I as a police officer never stopped working on any day to demonstrate. We served and protected the public without marching or demanding raises all the time. We put our uniform on and went to work not knowing if we would get back home from work each day. Why did we do that? The answer is that we respected our job and never questioned it.

Someone needs to do a study and see why retired police officers are not given a cost of living adjustment like all the others get. Will it happen? The answer is probably no, you are forgotten when you retire; no one seems to care. So teachers, enjoy all the raises you are getting and remember, when you retire you will be forgotten as well.

Jerry D. Narron

Raleigh

‘Oppressive’ action

Regarding “Scores of Palestinians killed at Gaza border as US Embassy moves to Jerusalem” (May 14): Last week’s events in Gaza – where thousands of Palestinian protesters were wounded by Israeli Defense Forces (IDF) – make it as clear as ever that Durham City Council made the correct decision by forbidding police exchanges with foreign militaries last month. We’ve seen what the “counter-terrorism” taught in such exchanges really means.

On May 15th, the IDF’s official Twitter account posted an image captioned “Hamas can turn anything into a weapon of terror.” Among the terrifying objects listed were “children” and “disabled civilians.” The end goal of this state-endorsed position is clear: If you criminalize an entire people, you don’t need to worry about criminalizing their actions. Every challenge from Palestinians in their open-air prison, even their mere existence, becomes a violent threat in the eyes of these heavily-armed forces.

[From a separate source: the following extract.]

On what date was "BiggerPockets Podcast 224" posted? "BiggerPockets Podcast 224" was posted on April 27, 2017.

America has had enough with criminalizing people’s existences. The United States has a history of oppressive policing that extends much further back than modern Israel’s. Our jails overflow with those committing the crime of existing in poverty .

The Durham City Council has rightly recognized that we have nothing to learn from practitioners of such oppressive philosophies.

Ihab Mikati

Durham

Midwife care

Regarding “Midwives say they can help fill gap in women’s health care” (May 20): As a high risk obstetrics specialist and leader of North Carolina’s statewide Pregnancy Medical Home program, I am very familiar with the challenges women face in accessing risk appropriate care. Key to improving access and safety is the creation of networks of maternity care providers and facilities that can meet the healthcare needs of all women before, during and after the birth of their babies.

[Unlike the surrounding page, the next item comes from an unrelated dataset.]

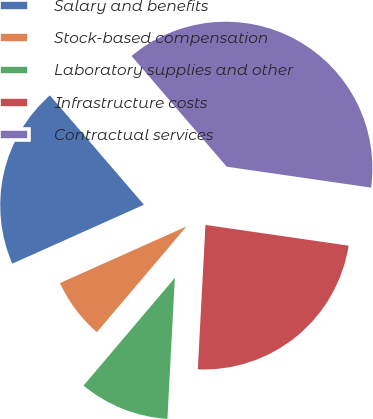Convert chart. <chart><loc_0><loc_0><loc_500><loc_500><pie_chart><fcel>Salary and benefits<fcel>Stock-based compensation<fcel>Laboratory supplies and other<fcel>Infrastructure costs<fcel>Contractual services<nl><fcel>20.4%<fcel>7.11%<fcel>10.35%<fcel>23.55%<fcel>38.59%<nl></chart>

The NC Ob/Gyn Society understands that Certified Nurse Midwives and other advanced practice providers are a crucial part of this kind of system of care. That’s why we support independent licensure for CNMs who have collaboration agreements with physicians. We support this arrangement because it allows women to receive quality care from their CNM with the confidence that if there is a complication in their pregnancy, their transition to a higher level of care – even on very short notice – will be safe and seamless.

Finally, North Carolina’s Ob/Gyns ask that everyone involved in this debate – but especially pregnant women – look skeptically on any suggestion that home births are part of the answer to improving access to rural healthcare. In fact, home birth is associated with a more than twofold increased risk of perinatal death.